Adler links to Youngstown Sheet & Tube Co v. Sawyer, a 1952 case in which the Supreme Court struck down President Truman’s efforts to unilaterally nationalize the steel industry in the wake of a nationwide strike, which he contended threatened the American war effort in Korea as wel as our defenses against the USSR. While the Court’s majority opinion, written by Justice Hugo Black, was qualified to some extent by the five concurring opinions issued in the case, Black’s warnings about the abuse of Executive Branch authority are well taken:
The President’s order does not direct that a congressional policy be executed in a manner prescribed by Congress — it directs that a presidential policy be executed in a manner prescribed by the President. The preamble of the order itself, like that of many statutes, sets out reasons why the President believes certain policies should be adopted, proclaims these policies as rules of conduct to be followed, and again, like a statute, authorizes a government official to promulgate additional rules and regulations consistent with the policy proclaimed and needed to carry that policy into execution. The power of Congress to adopt such public policies as those proclaimed by the order is beyond question. It can authorize the taking of private property for public use. It can make laws regulating the relationships between employers and employees, prescribing rules designed to settle labor disputes, and fixing wages and working conditions in certain fields of our economy. The Constitution does not subject this lawmaking power of Congress to presidential or military supervision or control.

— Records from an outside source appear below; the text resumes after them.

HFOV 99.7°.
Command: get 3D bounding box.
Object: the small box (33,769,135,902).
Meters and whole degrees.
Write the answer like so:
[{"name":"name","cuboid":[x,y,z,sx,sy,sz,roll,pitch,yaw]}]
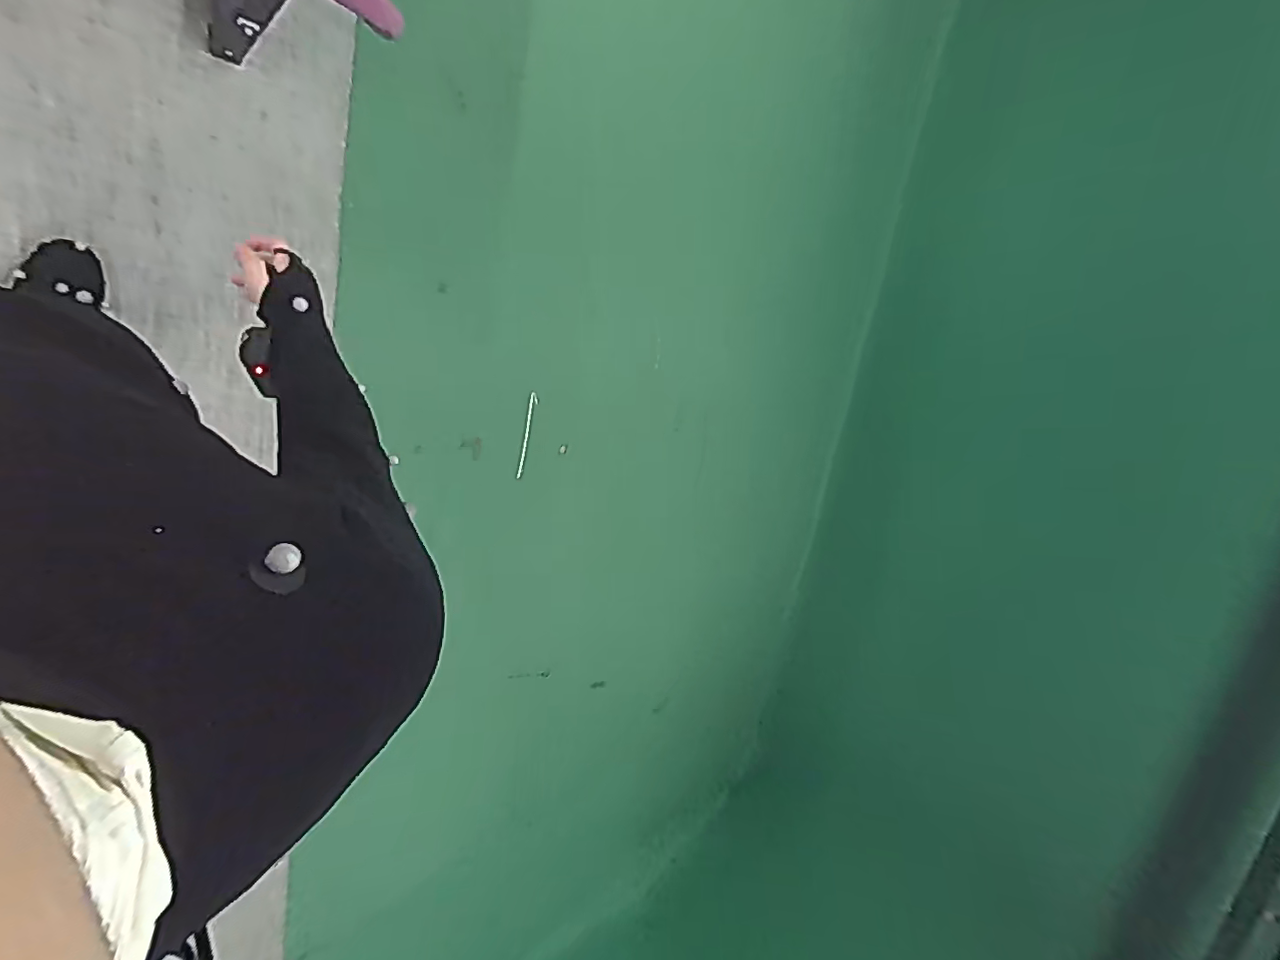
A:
[{"name":"small box","cuboid":[-1.345,0.851,1.312,0.168,0.176,0.179,0,108,-46]}]

It is said that other Presidents, without congressional authority, have taken possession of private business enterprises in order to settle labor disputes. But even if this be true, Congress has not thereby lost its exclusive constitutional authority to make laws necessary and proper to carry out the powers vested by the Constitution “in the Government of the United States, or any Department or Officer thereof.”
The Founders of this Nation entrusted the lawmaking power to the Congress alone in both good and bad times. It would do no good to recall the historical events, the fears of power, and the hopes for freedom that lay behind their choice. Such a review would but confirm our holding that this seizure order cannot stand.
Adler’s point, and I agree, is that an assertion by the President that he has the authority to ignore the law, and ignore the fact that the Constitution gives Congress the sole authority on this issue, and issue new debt in the name of the United States would be the biggest executive power grab since Harry Truman tried to nationalize the steel industry, and it would just as unconstitutional. Those on the left, such as Katrina vanden Heuvel in today’s Washington Post, calling on the President to exercise this supposed authority, or at least threatening today, are essentially endorsing a lawless, arbitrary act by the President. If the President were a Republican, they’d be rightly screaming about how improper this is. Instead, they seem to be happily following him down a road that only ends in one place.